Some notorious cults have historically used front organizational names to hide their actual identity and purpose. A religious cult may not even initially explain to a potential recruit that it has any spiritual or religious agenda. Groups with controversial leaders may likewise withhold information about their hierarchy and more radical beliefs. In many cults only after a recruit is under undue influence is this information genuinely shared.

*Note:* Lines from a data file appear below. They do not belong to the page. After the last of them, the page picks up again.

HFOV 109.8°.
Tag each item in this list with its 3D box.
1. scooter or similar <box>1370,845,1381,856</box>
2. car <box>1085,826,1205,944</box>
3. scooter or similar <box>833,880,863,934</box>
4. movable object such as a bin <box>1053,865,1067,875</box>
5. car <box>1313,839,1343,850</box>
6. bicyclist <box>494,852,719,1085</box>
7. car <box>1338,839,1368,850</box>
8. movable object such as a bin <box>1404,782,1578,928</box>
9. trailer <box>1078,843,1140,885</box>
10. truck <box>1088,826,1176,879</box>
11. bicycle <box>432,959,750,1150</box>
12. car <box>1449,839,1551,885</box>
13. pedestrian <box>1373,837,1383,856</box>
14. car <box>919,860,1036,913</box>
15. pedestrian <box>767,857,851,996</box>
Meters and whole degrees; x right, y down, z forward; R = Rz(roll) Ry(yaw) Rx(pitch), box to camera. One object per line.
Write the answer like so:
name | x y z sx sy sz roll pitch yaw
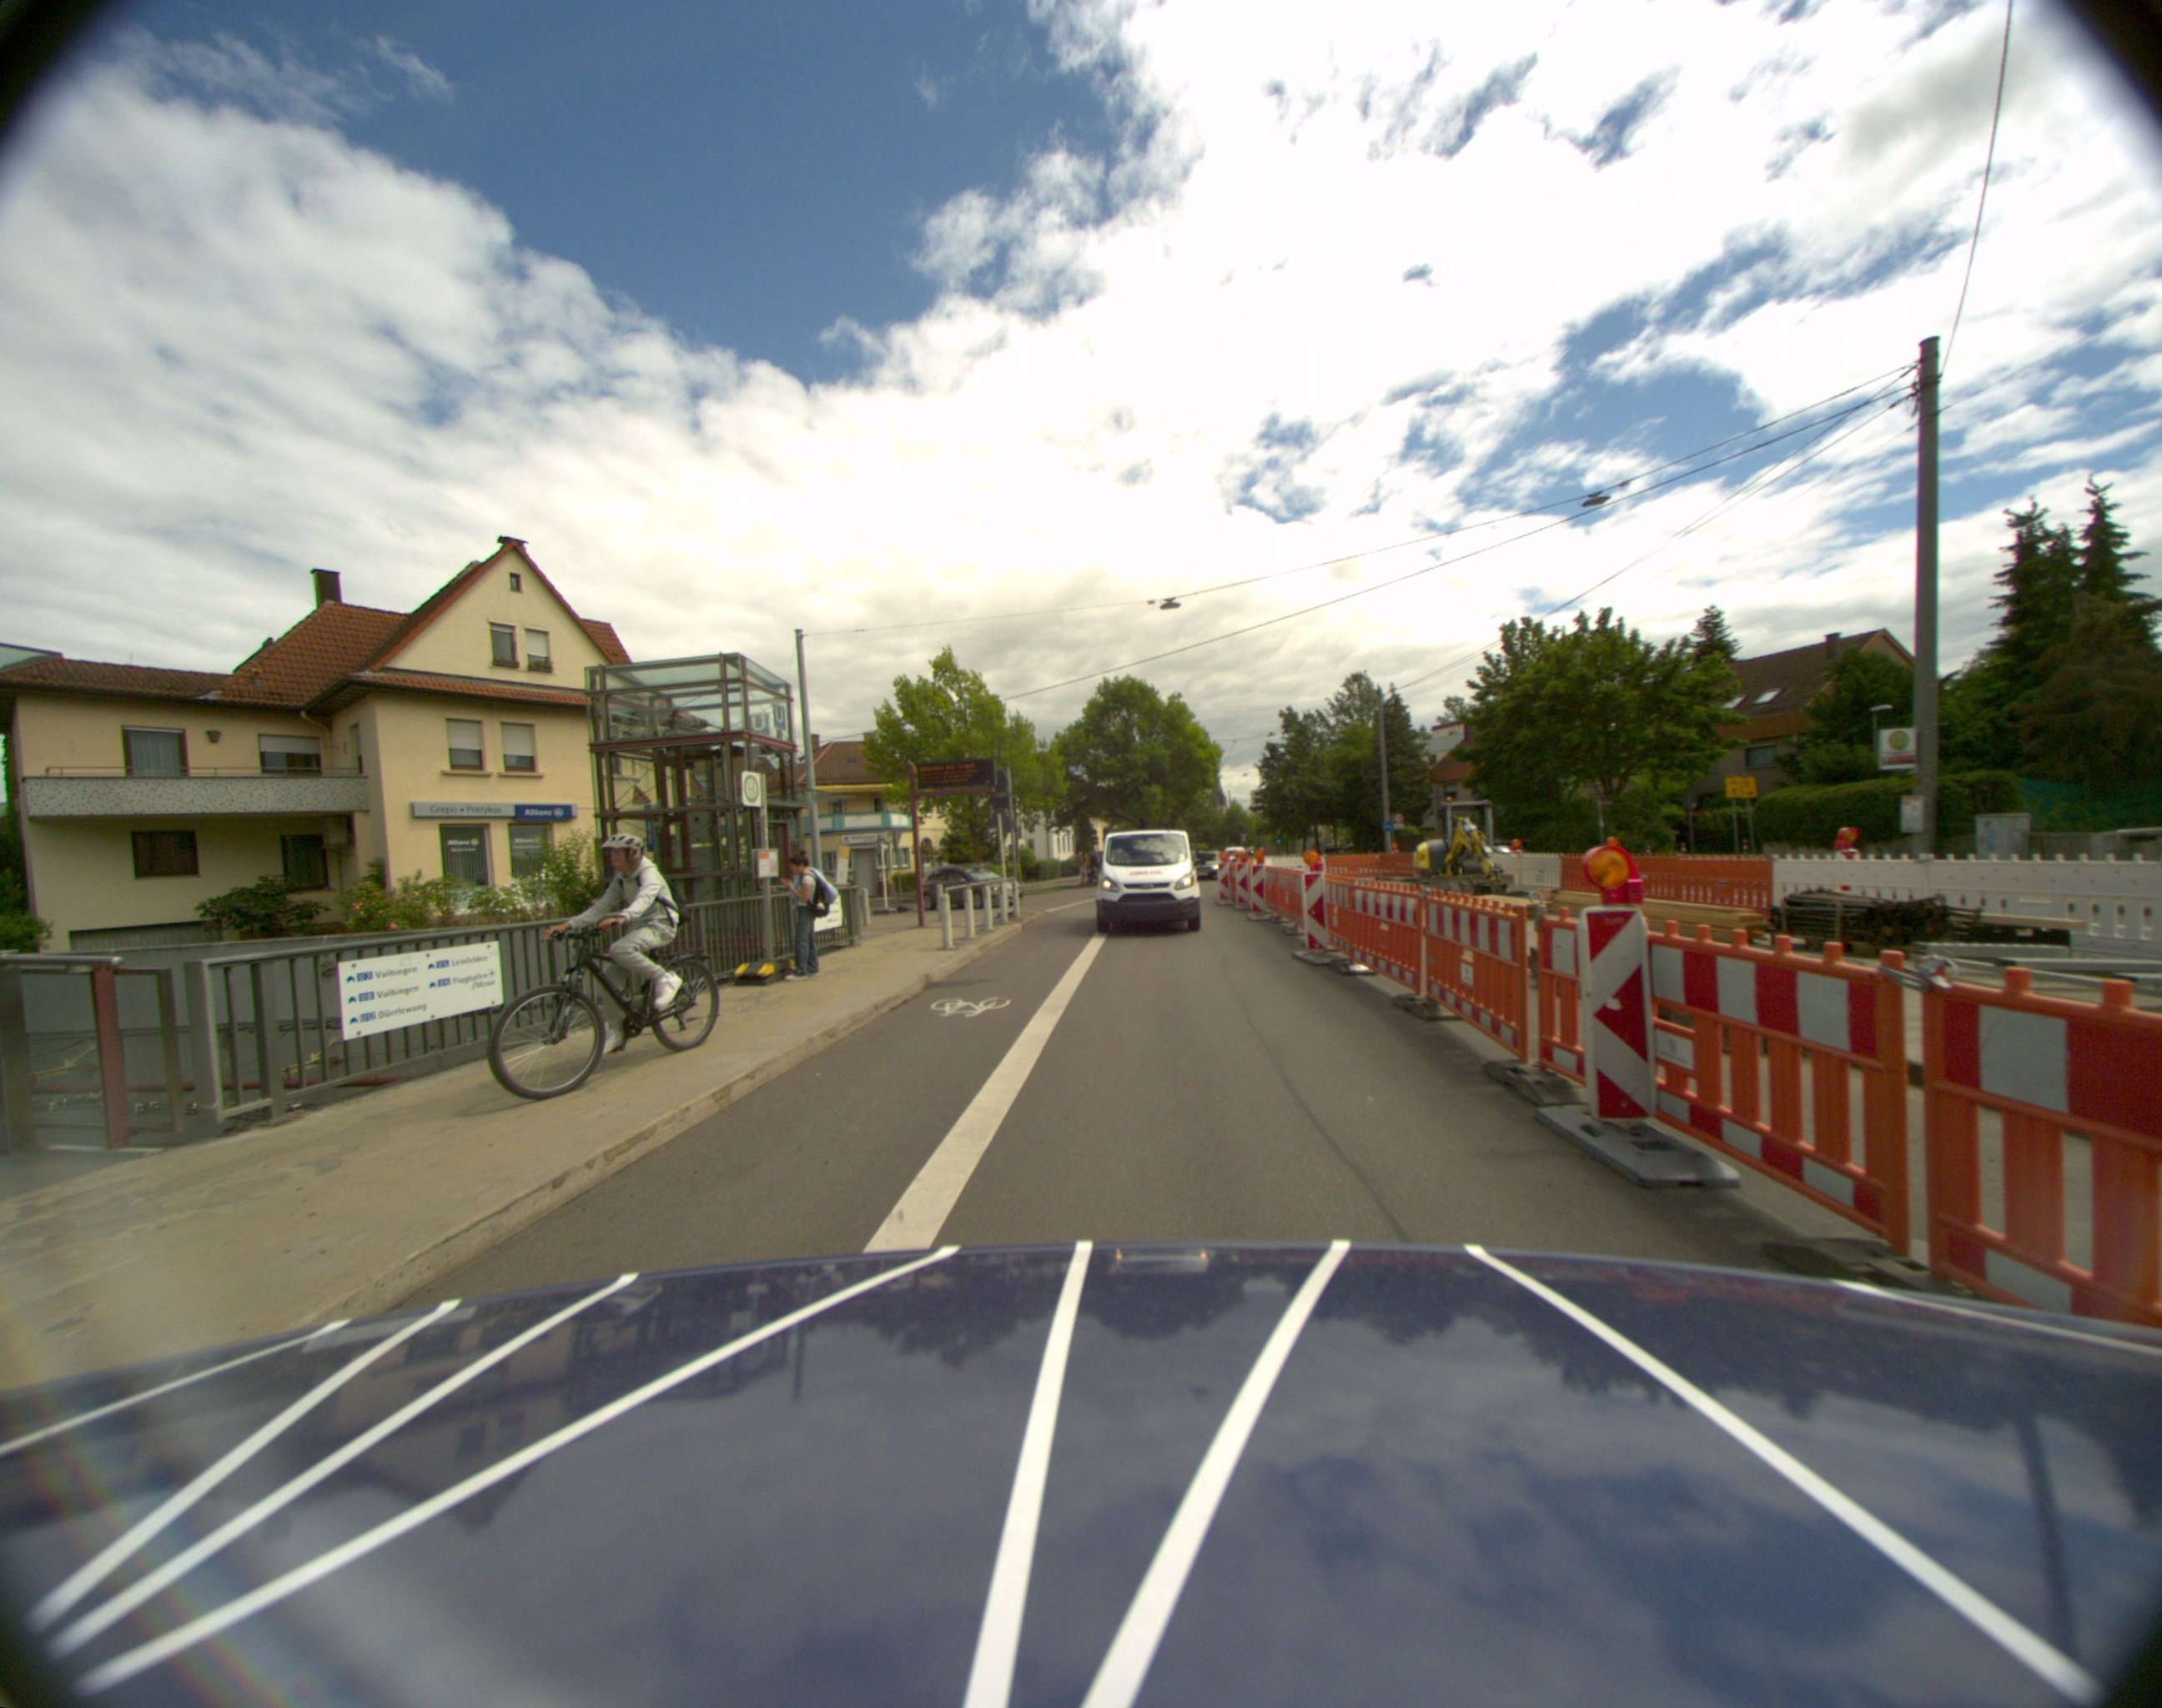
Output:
scooter or similar | 23.206 -0.292 59.847 0.637 0.859 1.031 -3 0 12
car | 1.575 0.491 16.358 1.997 2.002 5.516 -4 1 9
scooter or similar | -4.931 1.119 16.114 0.216 1.105 0.947 -2 -2 7
movable object such as a bin | -2.101 1.571 76.663 1.120 0.935 0.823 -3 0 13
car | 38.222 -1.455 117.643 4.002 1.499 1.997 -4 0 -17
bicyclist | -3.203 0.709 5.261 0.657 1.407 1.179 -3 0 6
car | 42.844 -1.524 119.665 4.001 1.499 1.998 -4 0 -14
movable object such as a bin | 8.837 -0.019 17.096 1.996 2.610 6.529 -2 1 16
trailer | 1.864 0.577 47.563 2.596 2.232 5.679 -5 0 14
truck | 3.615 -0.032 55.368 2.347 3.178 6.618 -3 -3 -38
bicycle | -3.150 1.250 5.209 0.637 0.749 2.063 -3 0 6
car | 15.607 0.254 28.597 1.858 1.504 4.443 -2 0 8
pedestrian | 23.053 -0.580 59.007 0.555 1.472 0.642 -3 1 11
car | -3.736 1.175 27.071 3.990 1.615 1.873 -5 0 42
pedestrian | -3.296 0.871 9.234 0.599 1.574 0.401 -9 2 6

Scientology, which has been called a “cult,” often begins its pitch with a “personality test” or “stress tests.”697 These tests are done to supposedly identify areas of concern that can be improved or require further attention. Respondents are led to believe the purpose is self-improvement, not a measure of religious devotion. Scientologists may point out to a potential recruit that Jews, Protestants, and Roman Catholics are actively engaged in Scientology. Only after a person moves more deeply into Scientology‘s course curriculum and training, however, does he or she begin to realize more fully the demands of the organization and its distinct religious identity and status. No new recruit fully understands the responsibilities or full implications of total commitment, nor is he or she completely informed of the beliefs forming the basis for Scientology.
Fal
un Gong presents itself as a form of traditional Chinese exercise to improve physical health and promote “truthfulness, compassion and tolerance.” However, much more controversial beliefs proposed by its founder lie behind the group practice, and these are not readily explained to a potential practitioner.698 Initially, new recruits most probably don’t fully understand the special importance of the movement’s founder, Li Hongzhi. Later they learn about the fantastic supernatural claims of “Master Li” and his singular status as the “living Buddha.”699 The personality-driven nature of the group isn’t completely evident at the beginning. But eventually, as the recruit becomes more deeply involved and his or her training progresses, he or she will learn that the supposed healing benefits of the group essentially depend on the supernatural powers of Li Hongzhi.700
Researcher Robert Cialdini, author of the book Influence, identified six basic principles of influence.701 These principles of influence can be used as tools to persuade anyone about almost anything, through carefully crafted advertising, sales gimmicks and fund raising. For example, the high-pressure sales and investment schemes that employ a “bait and switch” approach. This occurs when a shopper is lured in with the promise of one thing but subsequently moved to buy something else. In much the same way, cults can attract attention and interest by presenting themselves deceptively to lure in a potential recruit and then switch to something else as the recruitment process is completed.